Ancak RTÜK, bugün bu absürtlük üzerinden tartışılmıyor. İktidara yakın bazı gazeteciler, “AKP’li sanılan üyelerin Fethullah Gülencemaatine bağlı olduğu ve AKP’ye ihanet ettikleri” iddiası eşliğinde ‘RTÜK’ü düzenleyen yasayı değiştirme, olmazsa lağvetme’ çağrısı yapıyor. Zira, TBMM'de siyasi parti gruplarının üye sayısı oranı esas alınarak seçilen 9 üyenin görev süresi 6 yıl. Tutarlı aktör ve yönetimler için uygun, ancak ittifakların kurucularını bile şaşırtan hızda bozulup pazarlığa açıldığı Türkiye'ye kısa gelen bir zaman dilimi.
Peki, mevcut dağılıma göre, 4 AKP, 2 MHP, 2 CHP ve 1 HDP’li üyeden oluşan Üst Kurul nasıl karar alıyor? Şikayetler ne zaman gündemlerine geliyor, kayıtlar nasıl izleniyor? Gülen cemaatinden olduğu söylenen AKP’li RTÜK üyeleri kimler?
Soruları; parlamento muhabirliği dâhil, gazetecilik yollarında yıllarca haber kovalamış tecrübeli bir gazeteci olan İsmet Demirdöğen'e yönelttik. Ankara gazetecileri arasındaki koridor sicili "sakinliği, anlayışı ve nezaketi"yle de yazılan Demirdöğen, 2013 yılında başladığı CHP TBMM Grubu’nda Basın Danışmanlığı görevini bırakarak 3 Eylül 2015’te CHP kontenjanından boşalan RTÜK üyeliğine seçildi.
Öldürülmeden kısa bir süre önce Diyarbakır Barosu Başkanı Tahir Elçi'nin CNN Türk'te dile getirdiği "PKK terör örgütü değildir" sözleri üzerine RTÜK'ün kestiği cezayı da sorduğumuz Demirdöğen'in, T24'ün sorularına çoğunu yazılı, bir kısmını telefon üzerinden verdiği yanıtlar için buyrun.
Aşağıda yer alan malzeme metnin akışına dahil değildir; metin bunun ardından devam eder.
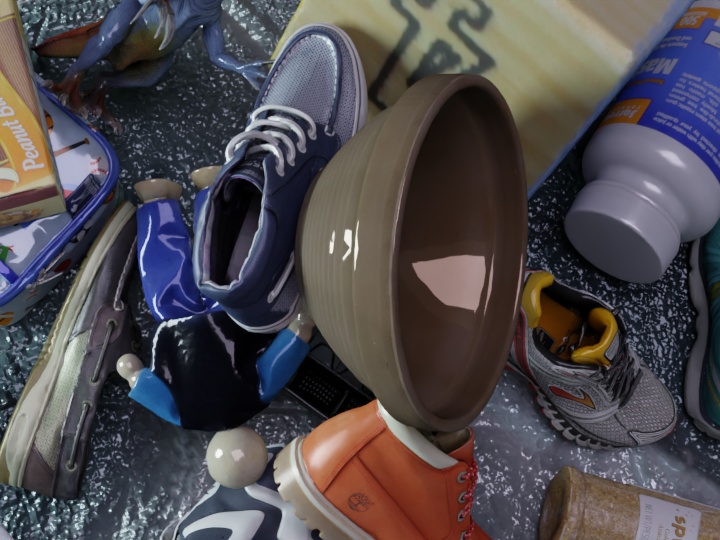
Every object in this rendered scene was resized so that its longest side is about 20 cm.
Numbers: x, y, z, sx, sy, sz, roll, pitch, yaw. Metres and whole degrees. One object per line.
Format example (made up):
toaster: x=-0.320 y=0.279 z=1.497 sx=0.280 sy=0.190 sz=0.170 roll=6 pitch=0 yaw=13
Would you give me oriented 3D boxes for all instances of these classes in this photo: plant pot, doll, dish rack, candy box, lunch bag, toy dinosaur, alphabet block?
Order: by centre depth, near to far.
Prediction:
plant pot: x=0.023 y=-0.013 z=0.701 sx=0.091 sy=0.201 sz=0.204 roll=6 pitch=68 yaw=26
doll: x=-0.091 y=0.037 z=0.771 sx=0.134 sy=0.048 sz=0.203 roll=-11 pitch=80 yaw=3
candy box: x=-0.269 y=-0.124 z=0.772 sx=0.114 sy=0.055 sz=0.203 roll=-15 pitch=77 yaw=-9
toy dinosaur: x=-0.136 y=-0.180 z=0.801 sx=0.200 sy=0.105 sz=0.182 roll=43 pitch=97 yaw=27
lunch bag: x=-0.268 y=-0.065 z=0.823 sx=0.199 sy=0.076 sz=0.161 roll=41 pitch=73 yaw=5
alphabet block: x=0.089 y=-0.171 z=0.823 sx=0.200 sy=0.197 sz=0.195 roll=41 pitch=42 yaw=5
dish rack: x=0.027 y=0.029 z=0.855 sx=0.152 sy=0.055 sz=0.201 roll=35 pitch=70 yaw=1

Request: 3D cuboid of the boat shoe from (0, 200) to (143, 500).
boat shoe: x=-0.177 y=0.055 z=0.806 sx=0.065 sy=0.072 sz=0.203 roll=23 pitch=76 yaw=-8

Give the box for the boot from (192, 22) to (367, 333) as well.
boot: x=-0.046 y=-0.067 z=0.719 sx=0.072 sy=0.090 sz=0.203 roll=7 pitch=77 yaw=14

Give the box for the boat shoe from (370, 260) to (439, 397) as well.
boat shoe: x=0.001 y=0.000 z=0.801 sx=0.071 sy=0.070 sz=0.202 roll=-32 pitch=85 yaw=-27

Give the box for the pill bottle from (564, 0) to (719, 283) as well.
pill bottle: x=0.234 y=-0.094 z=0.898 sx=0.111 sy=0.112 sz=0.201 roll=35 pitch=70 yaw=2

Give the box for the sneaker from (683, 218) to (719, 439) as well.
sneaker: x=0.290 y=0.025 z=0.888 sx=0.076 sy=0.080 sz=0.203 roll=9 pitch=71 yaw=-7

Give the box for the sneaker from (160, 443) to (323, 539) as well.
sneaker: x=-0.057 y=0.225 z=0.767 sx=0.128 sy=0.080 sz=0.201 roll=-28 pitch=79 yaw=-15

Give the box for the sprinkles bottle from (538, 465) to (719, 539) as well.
sprinkles bottle: x=0.225 y=0.193 z=0.831 sx=0.197 sy=0.068 sz=0.069 roll=16 pitch=71 yaw=-4

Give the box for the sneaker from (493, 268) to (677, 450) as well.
sneaker: x=0.154 y=0.065 z=0.829 sx=0.199 sy=0.082 sz=0.079 roll=33 pitch=67 yaw=-28

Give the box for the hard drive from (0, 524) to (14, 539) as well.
hard drive: x=-0.210 y=0.280 z=0.750 sx=0.132 sy=0.025 sz=0.200 roll=-42 pitch=84 yaw=-19

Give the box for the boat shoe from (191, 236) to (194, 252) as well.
boat shoe: x=-0.054 y=-0.043 z=0.859 sx=0.068 sy=0.072 sz=0.201 roll=44 pitch=63 yaw=-17

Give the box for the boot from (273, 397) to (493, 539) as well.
boot: x=0.051 y=0.152 z=0.765 sx=0.107 sy=0.075 sz=0.200 roll=-40 pitch=118 yaw=19

RTÜK kararları nasıl alınıyor?
- RTÜK en çok kanallara kestiği cezalarla öne çıkıyor. Bu kararların nasıl alındığını anlamamız için bize bir örnek anlatır mısınız; bir şikayet ne zaman gündeminize giriyor, gündeme alındıktan sonra 9 üye oturup televizyonun karşına geçerek kaydı mı izliyor, izlerken nasıl tartışmalar oluyor, tartışmalar nasıl bir üslupla yürüyor?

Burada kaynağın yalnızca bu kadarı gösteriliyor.